Using Netscape, you can view the current height and width of an image in pixels by clicking and holding down "view image" - the dimensions are shown in the window header.

All aboard and away we go

OK. You've compressed, modified, antialiased and collected the images, so you might think you're all set to start weaving them into the fabric of your page.

Not so fast!

How many images have you collected? How big is the full collection? Is it larger than 100K? If it is, you may create other problems for your visitors.

In a web browser, if the "Autoload images" (or equivalent) selection is turned off, images can be downloaded individually by clicking on each image. In most WWW layouts, loading pages without the images will seriously mess up the intended look of the page.

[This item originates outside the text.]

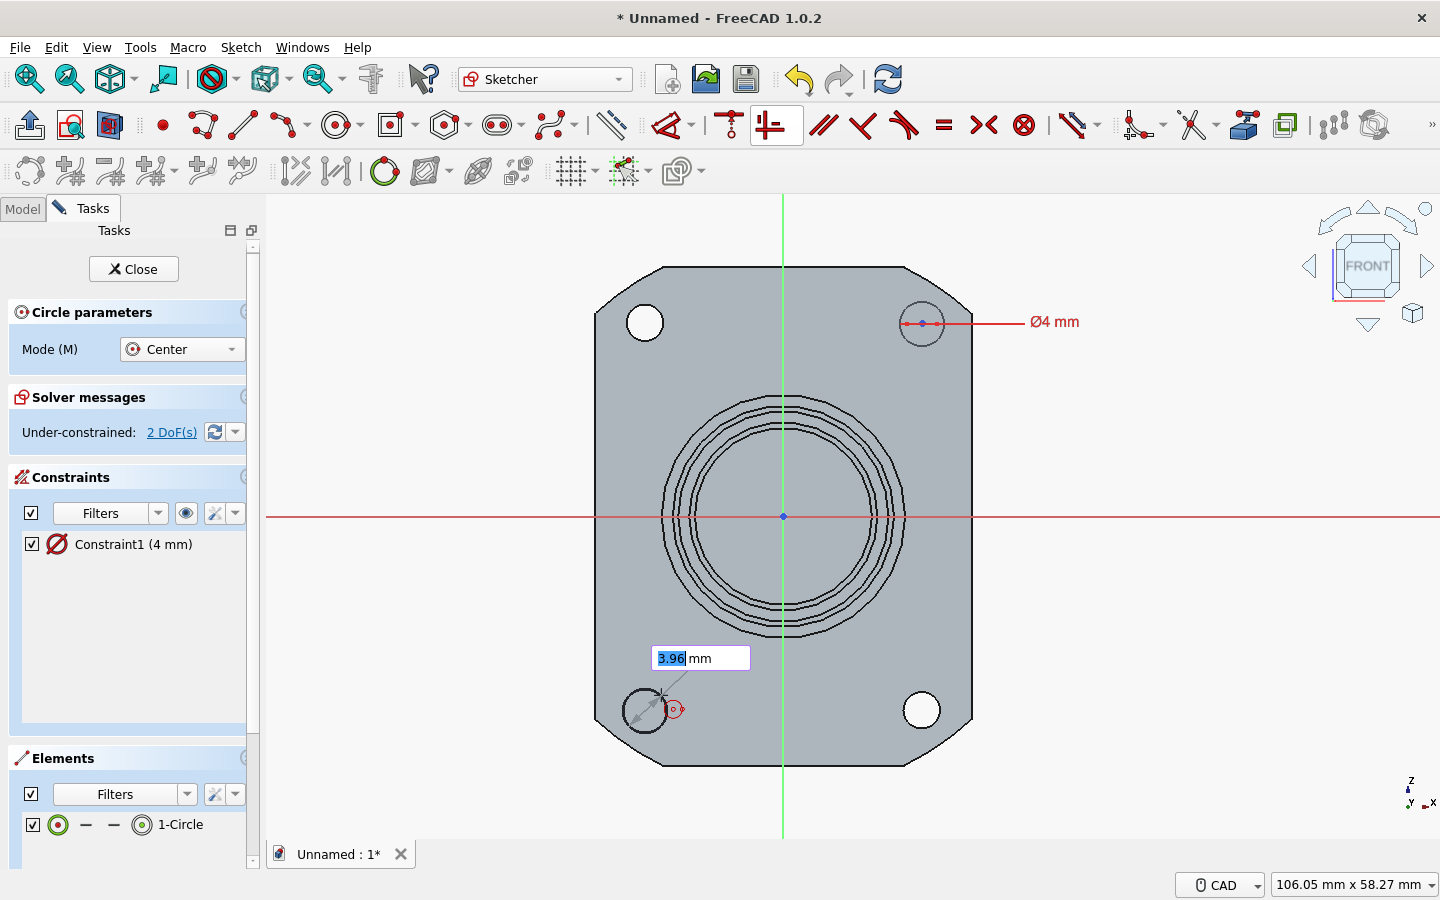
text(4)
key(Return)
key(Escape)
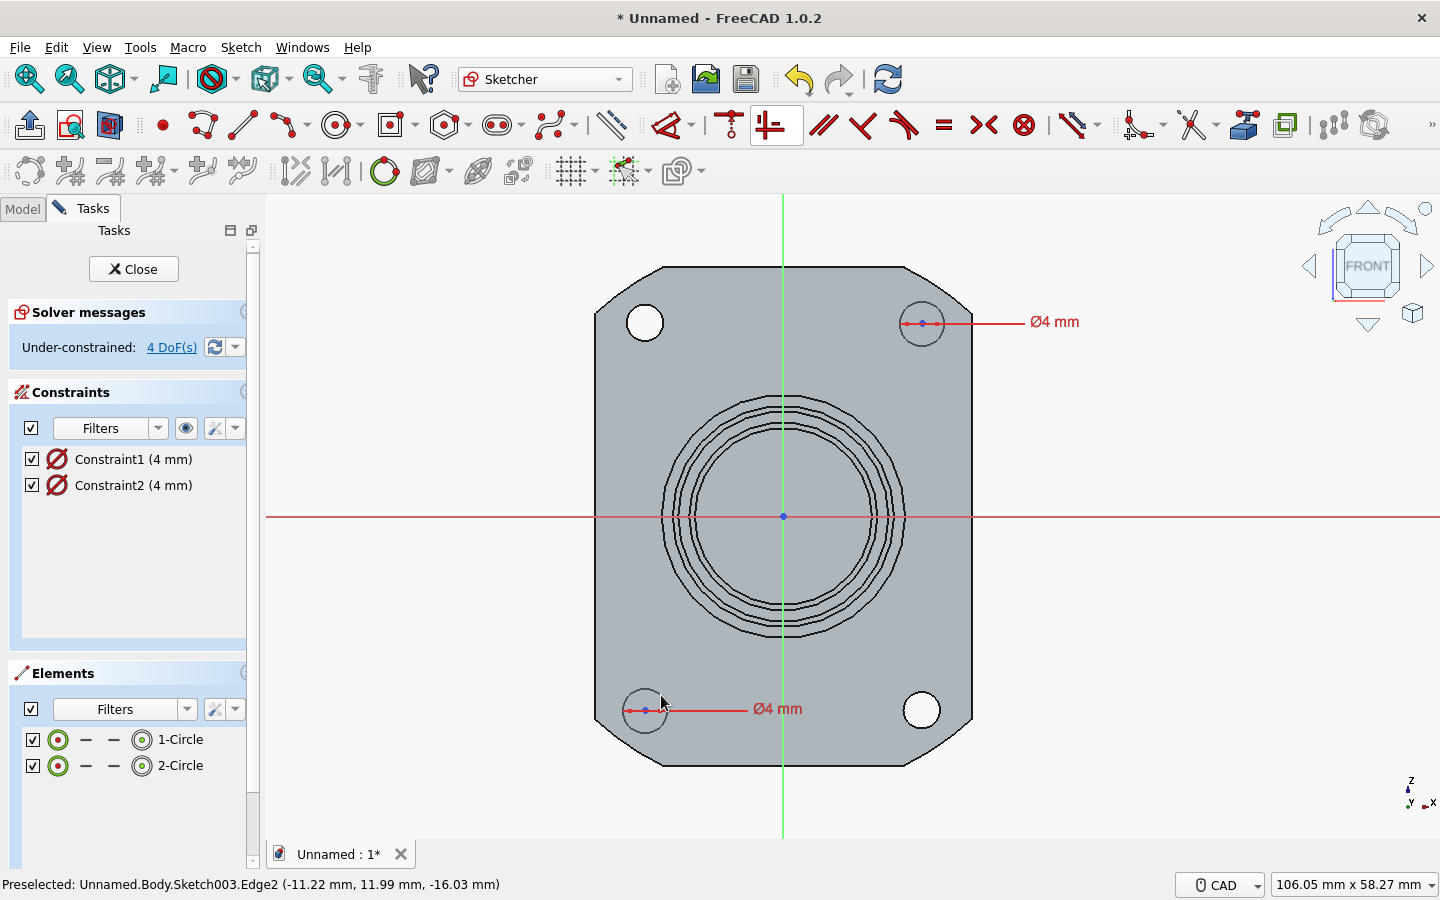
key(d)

On the other hand, if the user sets images to be downloaded at the same time as the rest of the page information, there may be a sharp increase in the time to load -  it might mean the difference between loading 16K of text versus more than 100K of text and images, which may take minutes not seconds.

Yes, and even if you have interlaced them all.

What's the solution? Well, there are two: keep your image file sizes to the barest minimum, reserving the large sizes for the most important images. And re-use as many images as possible on multiple pages.

Some images, like fancy buttons, background tiles, logos and horizontal rules can be repeated in a design. When one is transferred, it is cached and re-displayed on subsequent pages. "Caching" means that once an image is transferred the browser accesses it from the user's hard disk.